Key questions that reveal if your company has an aspirational culture:
- Do the stated values of your company mean something personally to YOU?
- Do you consciously strive to behave in a way that is consistent with those values?
- In your view, does the senior leadership team of your company walk the talk of these values most of the time?
- Do these values inspire you? How about your team, your manager? Your CEO?
If the answer is no to any of these, you are not alone. We estimate that over half of the 18,000 companies with more than 500 employees are in a similar place. Here are a couple of commonly cited reasons I have heard previous clients mention for not following through on culture.
“We have too many other important business priorities.” It doesn’t have to be an either/or choice.
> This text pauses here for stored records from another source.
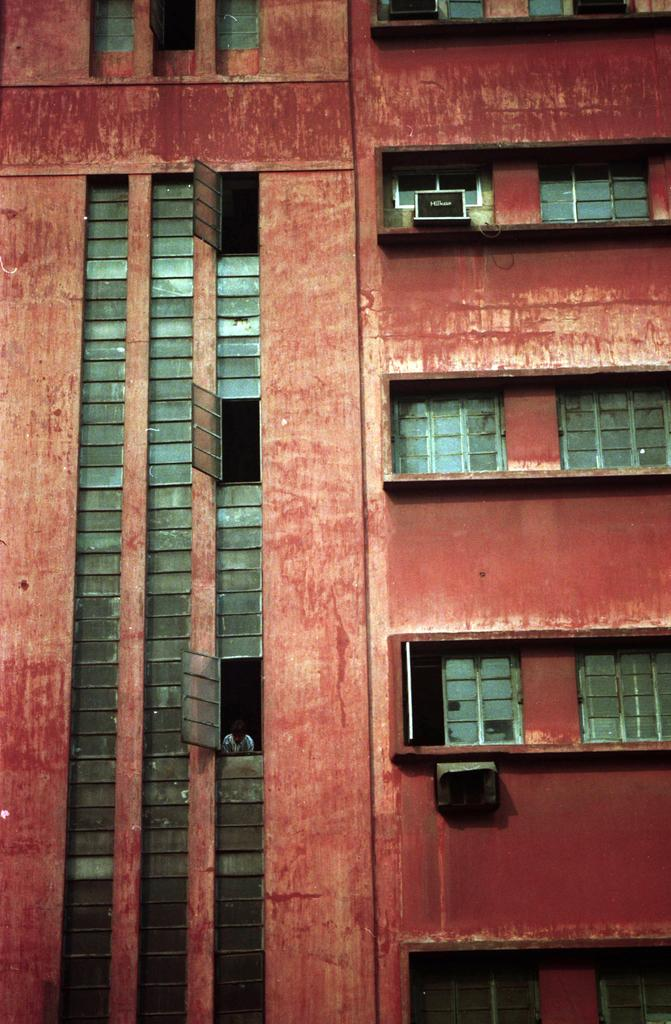What is the color of the building in the image? The building in the image is red. What type of windows does the building have? The building has glass windows. How many cats are sitting on the roof of the building in the image? There is no information about cats on the roof of the building in the image. What type of advice is being given by the building in the image? The building is not capable of giving advice, as it is an inanimate object. What kind of horn is attached to the building in the image? There is no horn attached to the building in the image. 
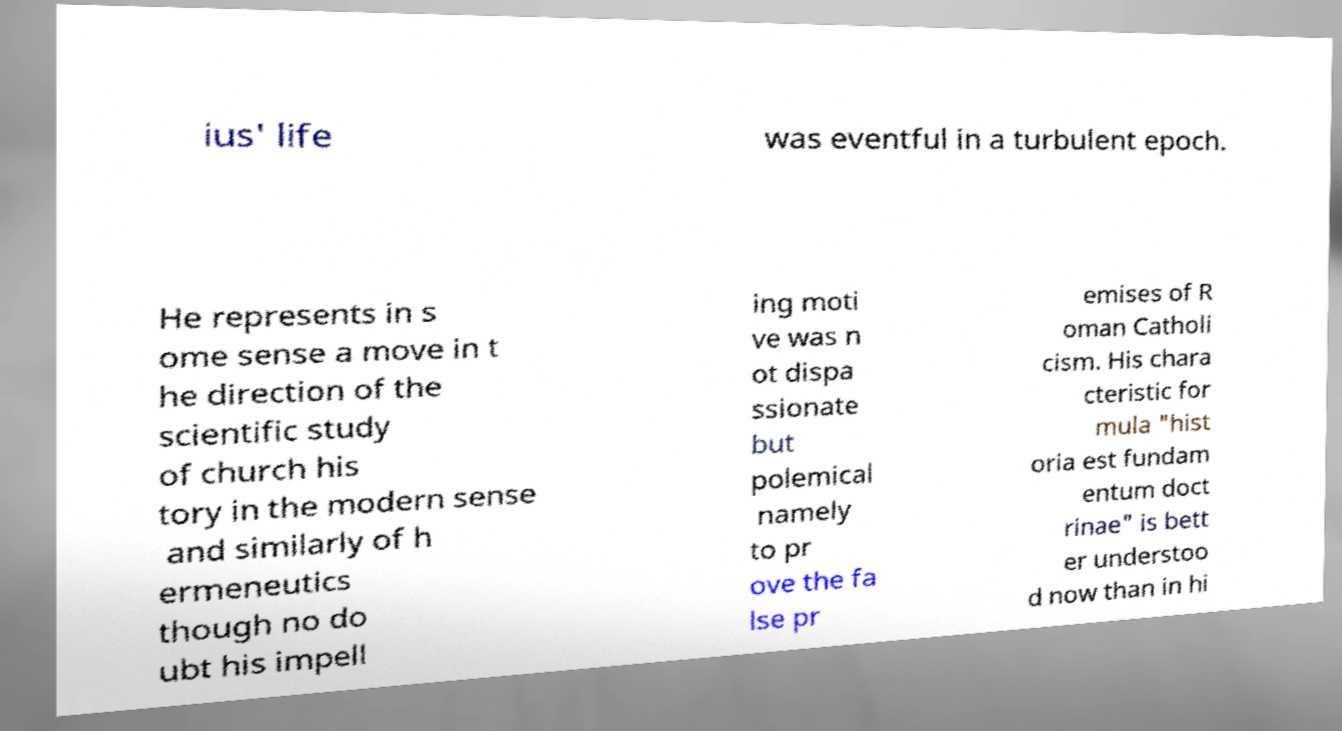Can you accurately transcribe the text from the provided image for me? ius' life was eventful in a turbulent epoch. He represents in s ome sense a move in t he direction of the scientific study of church his tory in the modern sense and similarly of h ermeneutics though no do ubt his impell ing moti ve was n ot dispa ssionate but polemical namely to pr ove the fa lse pr emises of R oman Catholi cism. His chara cteristic for mula "hist oria est fundam entum doct rinae" is bett er understoo d now than in hi 
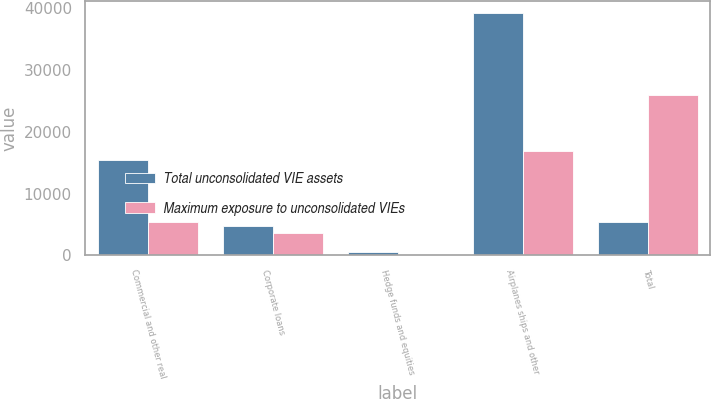Convert chart. <chart><loc_0><loc_0><loc_500><loc_500><stacked_bar_chart><ecel><fcel>Commercial and other real<fcel>Corporate loans<fcel>Hedge funds and equities<fcel>Airplanes ships and other<fcel>Total<nl><fcel>Total unconsolidated VIE assets<fcel>15370<fcel>4725<fcel>542<fcel>39202<fcel>5445<nl><fcel>Maximum exposure to unconsolidated VIEs<fcel>5445<fcel>3587<fcel>58<fcel>16849<fcel>25939<nl></chart> 
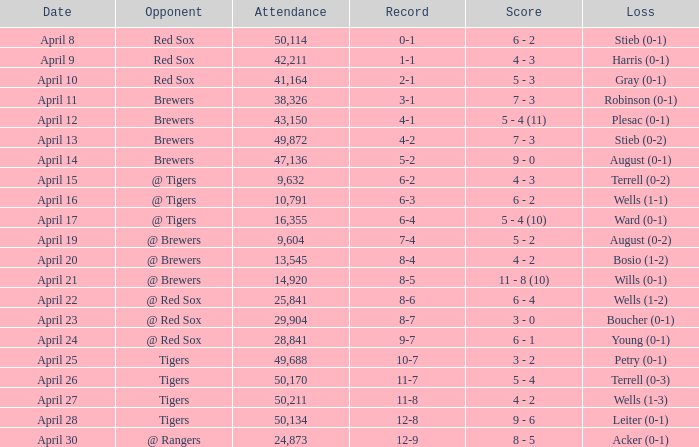Which opponent has an attendance greater than 29,904 and 11-8 as the record? Tigers. Would you be able to parse every entry in this table? {'header': ['Date', 'Opponent', 'Attendance', 'Record', 'Score', 'Loss'], 'rows': [['April 8', 'Red Sox', '50,114', '0-1', '6 - 2', 'Stieb (0-1)'], ['April 9', 'Red Sox', '42,211', '1-1', '4 - 3', 'Harris (0-1)'], ['April 10', 'Red Sox', '41,164', '2-1', '5 - 3', 'Gray (0-1)'], ['April 11', 'Brewers', '38,326', '3-1', '7 - 3', 'Robinson (0-1)'], ['April 12', 'Brewers', '43,150', '4-1', '5 - 4 (11)', 'Plesac (0-1)'], ['April 13', 'Brewers', '49,872', '4-2', '7 - 3', 'Stieb (0-2)'], ['April 14', 'Brewers', '47,136', '5-2', '9 - 0', 'August (0-1)'], ['April 15', '@ Tigers', '9,632', '6-2', '4 - 3', 'Terrell (0-2)'], ['April 16', '@ Tigers', '10,791', '6-3', '6 - 2', 'Wells (1-1)'], ['April 17', '@ Tigers', '16,355', '6-4', '5 - 4 (10)', 'Ward (0-1)'], ['April 19', '@ Brewers', '9,604', '7-4', '5 - 2', 'August (0-2)'], ['April 20', '@ Brewers', '13,545', '8-4', '4 - 2', 'Bosio (1-2)'], ['April 21', '@ Brewers', '14,920', '8-5', '11 - 8 (10)', 'Wills (0-1)'], ['April 22', '@ Red Sox', '25,841', '8-6', '6 - 4', 'Wells (1-2)'], ['April 23', '@ Red Sox', '29,904', '8-7', '3 - 0', 'Boucher (0-1)'], ['April 24', '@ Red Sox', '28,841', '9-7', '6 - 1', 'Young (0-1)'], ['April 25', 'Tigers', '49,688', '10-7', '3 - 2', 'Petry (0-1)'], ['April 26', 'Tigers', '50,170', '11-7', '5 - 4', 'Terrell (0-3)'], ['April 27', 'Tigers', '50,211', '11-8', '4 - 2', 'Wells (1-3)'], ['April 28', 'Tigers', '50,134', '12-8', '9 - 6', 'Leiter (0-1)'], ['April 30', '@ Rangers', '24,873', '12-9', '8 - 5', 'Acker (0-1)']]} 
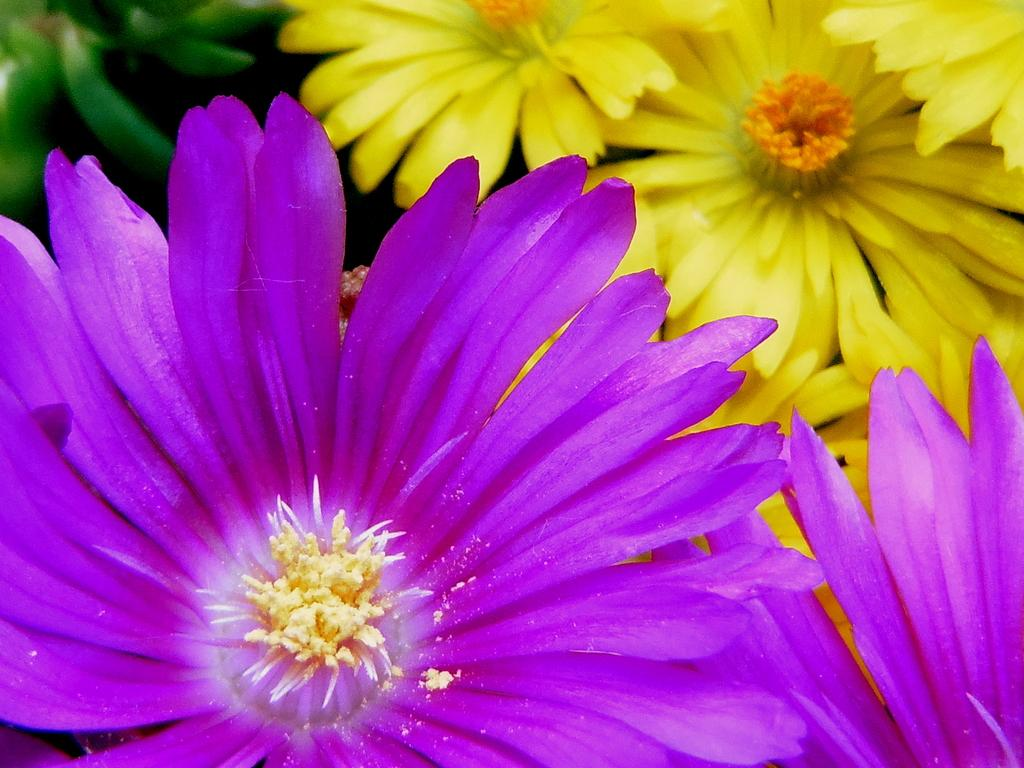What type of objects are present in the image? There are flowers in the image. What colors can be seen in the flowers? The flowers are in yellow and violet colors. What brand of toothpaste is being advertised by the flowers in the image? There is no toothpaste or advertisement present in the image; it features flowers in yellow and violet colors. How many cattle can be seen grazing in the field in the image? There are no cattle or fields present in the image; it features flowers in yellow and violet colors. 
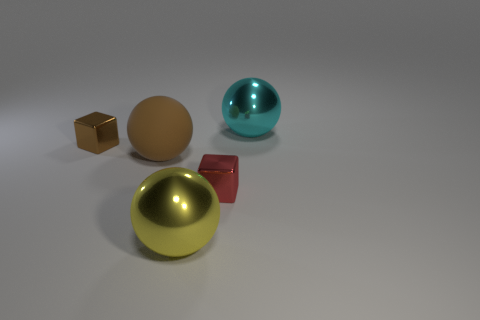What shape is the tiny object that is the same color as the big matte thing?
Ensure brevity in your answer.  Cube. What material is the small brown block?
Make the answer very short. Metal. Do the brown object to the right of the brown metal object and the cube that is on the left side of the large yellow ball have the same size?
Offer a very short reply. No. How many other objects are the same size as the cyan object?
Provide a succinct answer. 2. What number of things are large metallic things that are behind the large yellow shiny thing or cyan spheres right of the matte thing?
Offer a very short reply. 1. Is the material of the small brown cube the same as the brown thing that is in front of the small brown block?
Keep it short and to the point. No. How many other objects are there of the same shape as the brown rubber object?
Ensure brevity in your answer.  2. What material is the large sphere that is right of the cube in front of the small shiny block that is to the left of the yellow metal object made of?
Your answer should be very brief. Metal. Are there the same number of metal cubes that are in front of the big brown ball and big yellow balls?
Your response must be concise. Yes. Do the small red block to the left of the large cyan shiny sphere and the ball that is to the right of the yellow ball have the same material?
Provide a short and direct response. Yes. 
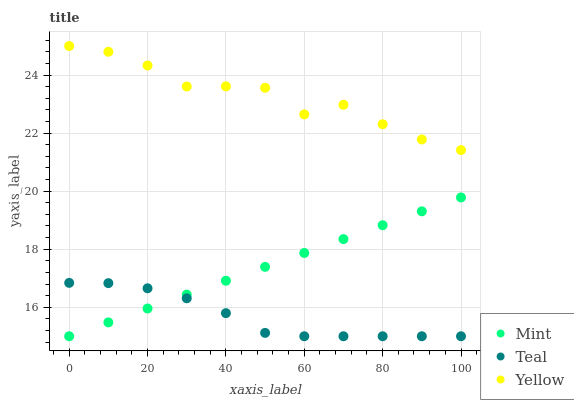Does Teal have the minimum area under the curve?
Answer yes or no. Yes. Does Yellow have the maximum area under the curve?
Answer yes or no. Yes. Does Yellow have the minimum area under the curve?
Answer yes or no. No. Does Teal have the maximum area under the curve?
Answer yes or no. No. Is Mint the smoothest?
Answer yes or no. Yes. Is Yellow the roughest?
Answer yes or no. Yes. Is Teal the smoothest?
Answer yes or no. No. Is Teal the roughest?
Answer yes or no. No. Does Mint have the lowest value?
Answer yes or no. Yes. Does Yellow have the lowest value?
Answer yes or no. No. Does Yellow have the highest value?
Answer yes or no. Yes. Does Teal have the highest value?
Answer yes or no. No. Is Mint less than Yellow?
Answer yes or no. Yes. Is Yellow greater than Mint?
Answer yes or no. Yes. Does Mint intersect Teal?
Answer yes or no. Yes. Is Mint less than Teal?
Answer yes or no. No. Is Mint greater than Teal?
Answer yes or no. No. Does Mint intersect Yellow?
Answer yes or no. No. 
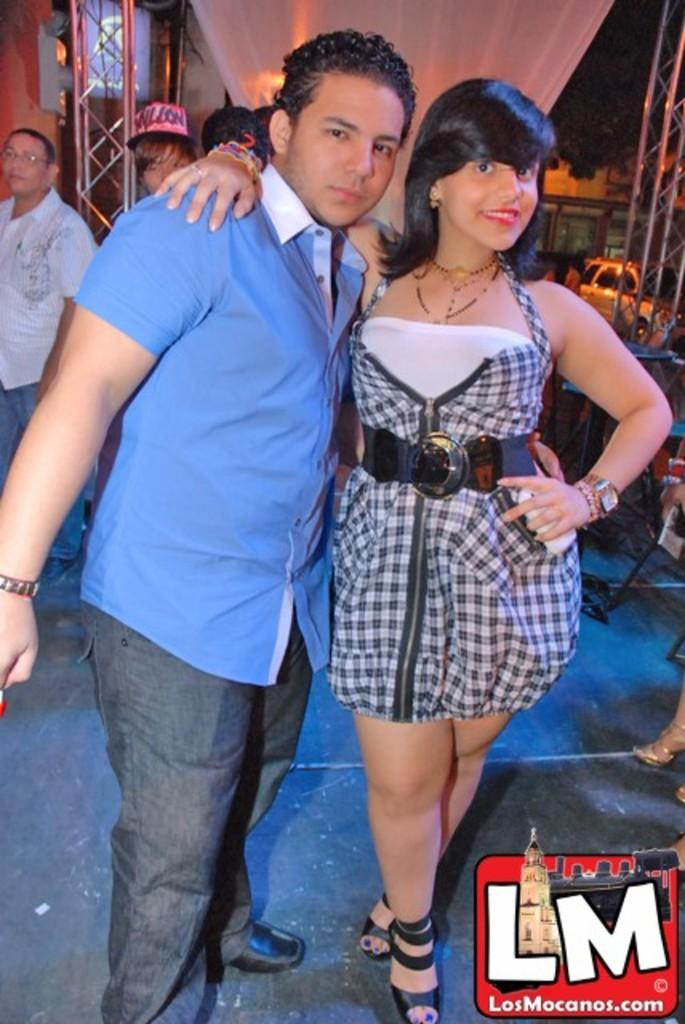Who is in the image? There is a couple in the image. What are the couple doing in the image? The couple is posing for the camera and smiling. Are there any other people in the image besides the couple? Yes, there are other people standing behind the couple. What can be seen in the background of the image? There is a car visible in the background of the image. What type of patch is sewn onto the trousers of the man in the image? There is no information about the man's trousers or any patches in the image. 
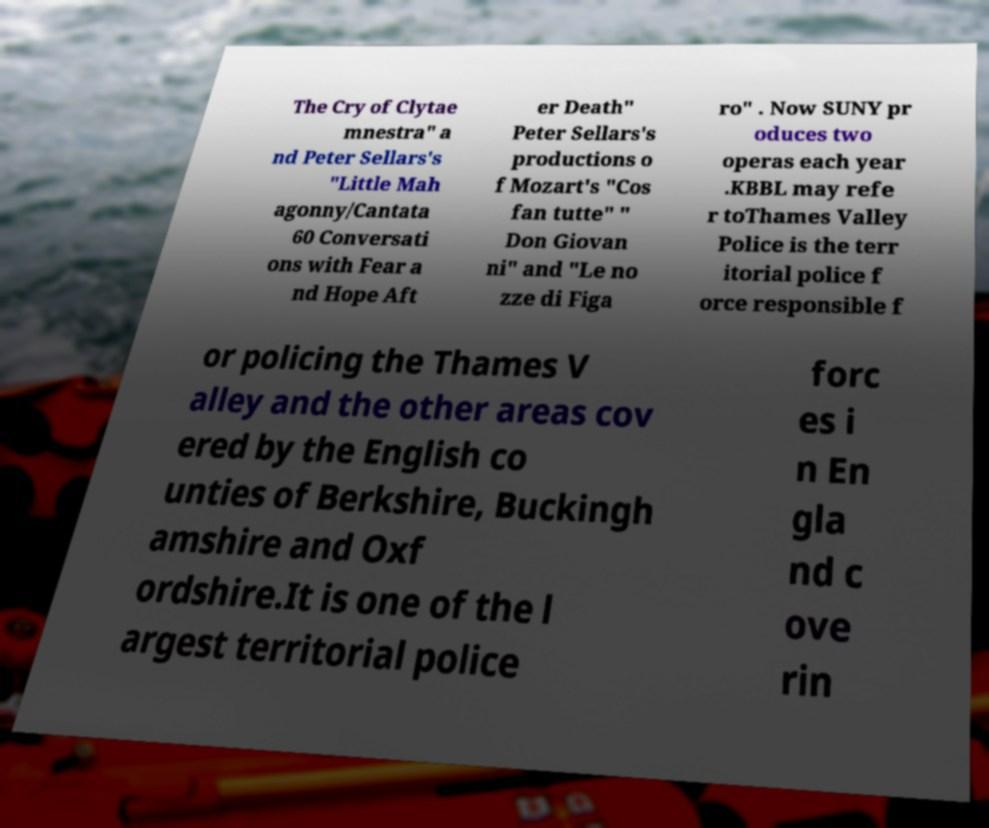Could you assist in decoding the text presented in this image and type it out clearly? The Cry of Clytae mnestra" a nd Peter Sellars's "Little Mah agonny/Cantata 60 Conversati ons with Fear a nd Hope Aft er Death" Peter Sellars's productions o f Mozart's "Cos fan tutte" " Don Giovan ni" and "Le no zze di Figa ro" . Now SUNY pr oduces two operas each year .KBBL may refe r toThames Valley Police is the terr itorial police f orce responsible f or policing the Thames V alley and the other areas cov ered by the English co unties of Berkshire, Buckingh amshire and Oxf ordshire.It is one of the l argest territorial police forc es i n En gla nd c ove rin 
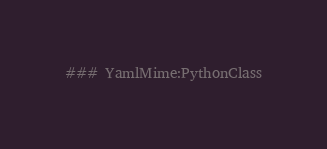Convert code to text. <code><loc_0><loc_0><loc_500><loc_500><_YAML_>### YamlMime:PythonClass</code> 
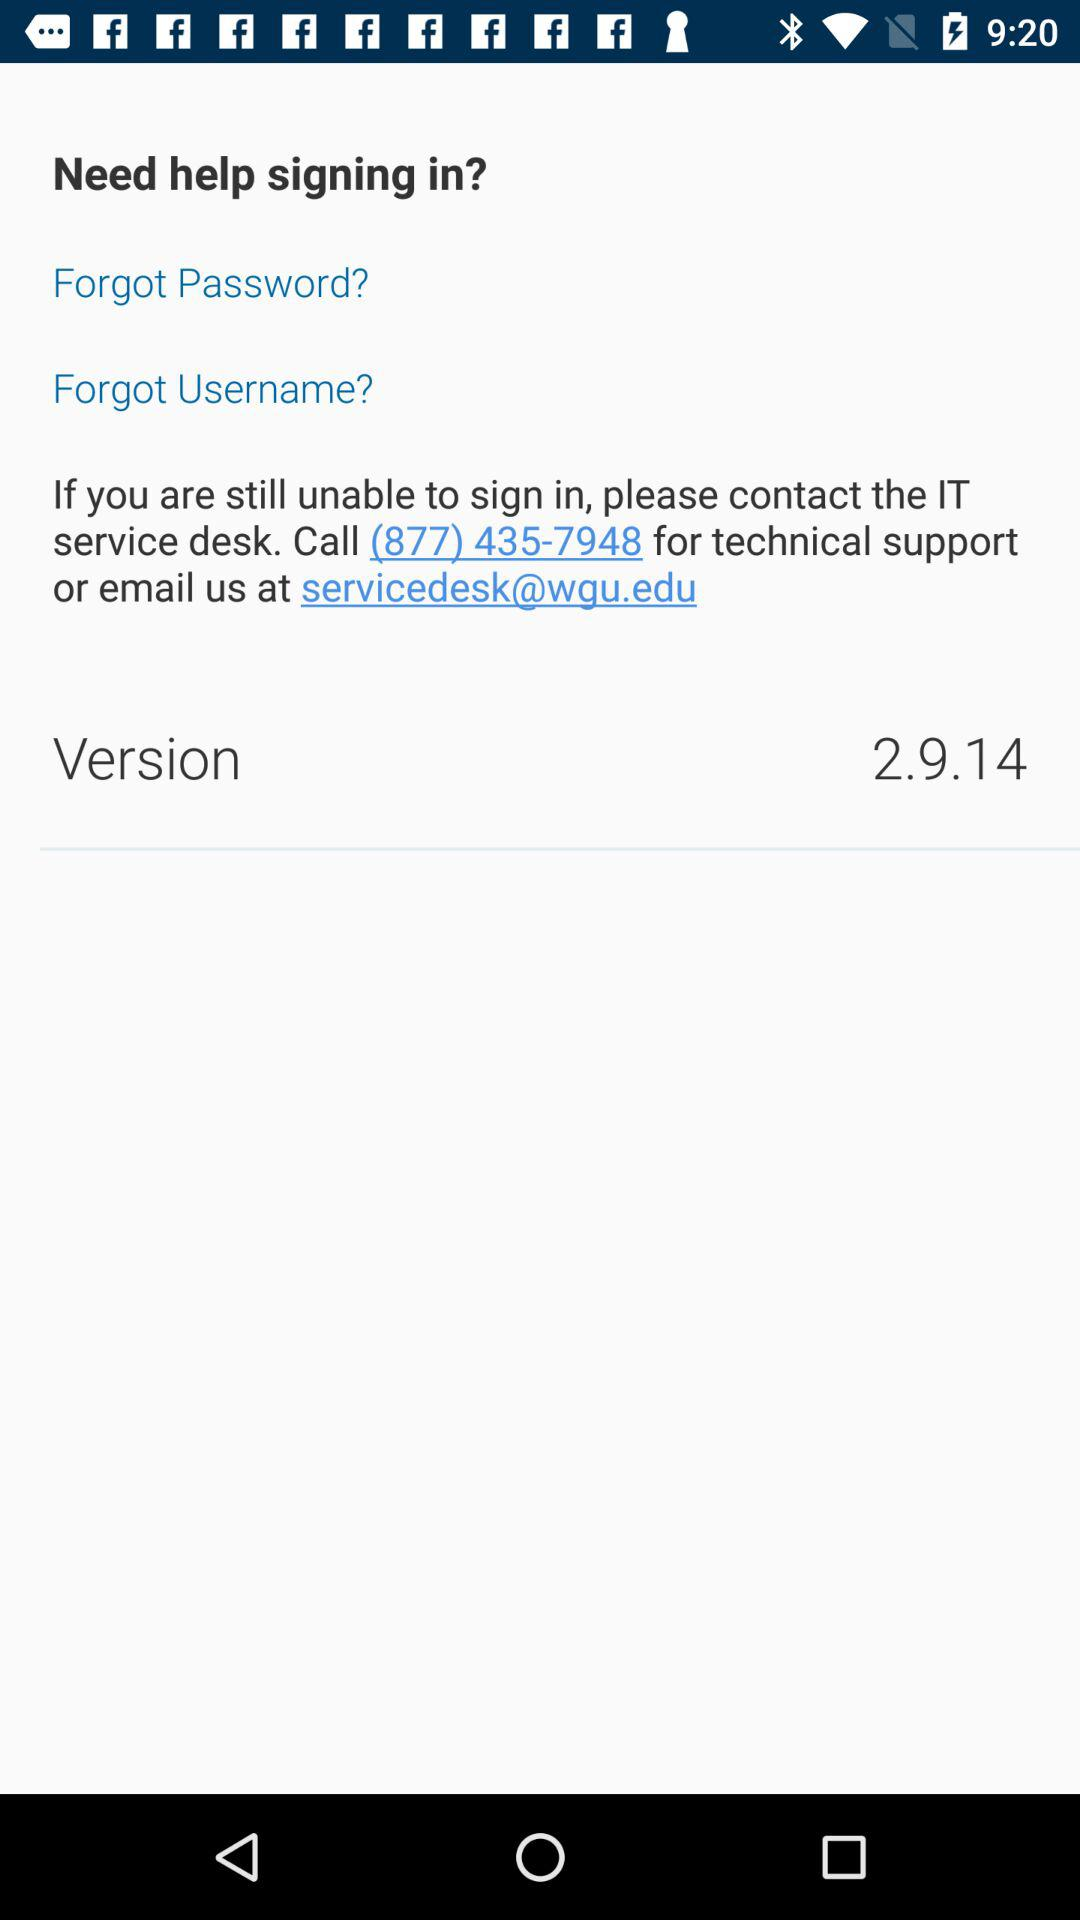Which version is used? The used version is 2.9.14. 
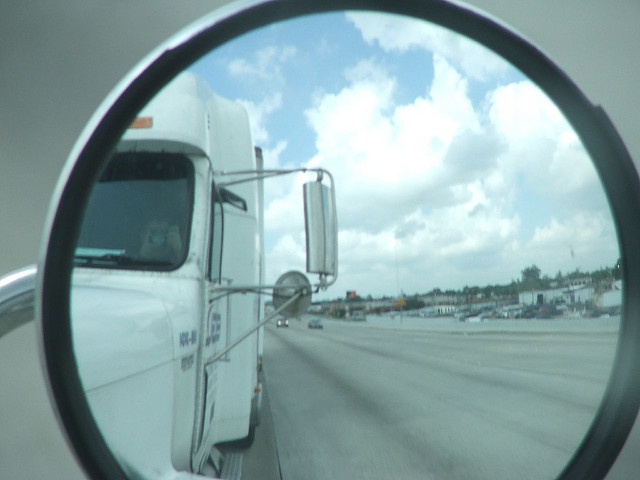Describe the objects in this image and their specific colors. I can see truck in gray, lightblue, and teal tones, people in gray, teal, black, and darkblue tones, and car in gray, teal, and purple tones in this image.

You can tackle your top two strategic priorities in a culture consistent way, or a culture inconsistent way.
“HR will handle it.” Bad idea. Often delegating culture stuff to the HR function comes with abdication of executive ownership for culture and often become just one of many HR priorities. And while there are exceptions to this, we find that most HR departments aren’t positioned nor staffed to succeed at engaging the whole company in a culture building effort.
“We would love to, but can’t afford it. Only companies with lots of money can afford to do that.” 1. At a recent talk at the Culture Summit, Maia Josebachvilli, VP of People at Greenhouse walks people through the value added to an organization by increasing the value each employees brings to your company as long as they are with you (aka Employee Lifetime Value or ELTV). Culture efforts increase ELTV by impacting how quickly a new employee becomes a fully contributing, how much they develop over time, and how long they stay. 2. Who says culture building always has to cost money. There are many guerilla culture building efforts that can be done quickly, easily and without big budget impact.
If you are a leader at company where the “culture talk” exceeds “culture walk,” then maybe it’s time to start to make the case for taking it more seriously. And, fortunately, the case for the ROI of investing in culture keeps getting stronger.